Not that this example is the best OO design ever, but it's rare to see code where code coverage implies path coverage. And even if it does imply that in your code, it doesn't imply that all code or all paths in library or system are covered, that your program could possibly use. You would in principle need 100% coverage of all the possible states of your program to do that (and hence make sure that for example in no case do you call with invalid parameters leading to error-catching code in the library or system not otherwise attained), which is generally infeasible.
Should we take the coverage reported by such a tool with a grain of salt when writing tests?
Absolutely. The coverage tool only tells you what proportion of lines in your code were actually run during tests. It doesn't say anything about how thoroughly those lines were tested. Some lines of code need to be tested only once or twice, but some need to be tested over a wide range of inputs. Coverage tools can't tell the difference.
Also, a 100% test coverage as such does not mean much if the test driver just exercised the code without meaningful assertions regarding the correctness of the results.
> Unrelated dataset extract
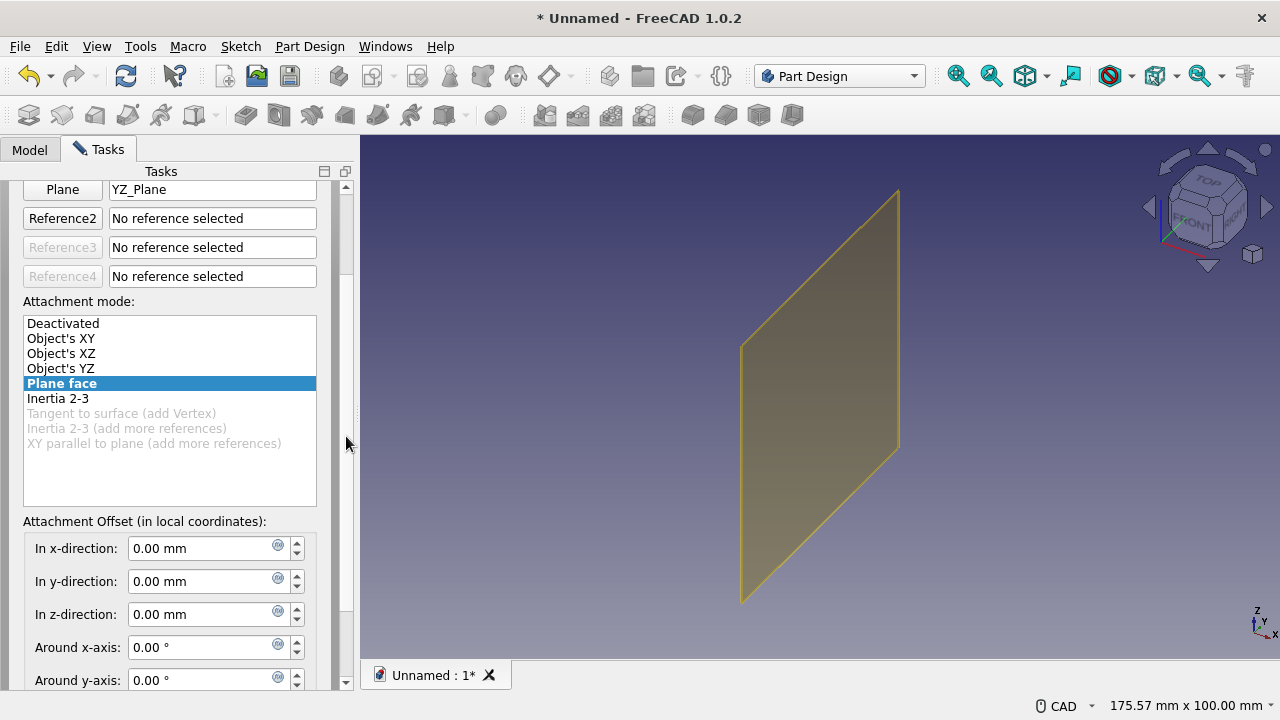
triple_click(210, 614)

Coverage is only really useful for identifying code that hasn't been tested at all. It doesn't tell you much about code that has been covered.
Yes, this is the primary different between "line coverage" and "path coverage". In practice, you can't really measure code path coverage. Like static compile time checks, unit tests and static analysis -- line coverage is just one more tool to use in your quest for quality code.
Testing is absolutly necessary. What must be consitent too is the implementation.
If you implement something in a way that have not been in your tests... it's there that the problem may happen.
Problem may also happen when the data you test against is not related to the data that is going to be flowing through your application.
So Yes, code coverage is necessary. But not as much as real test performed by real person.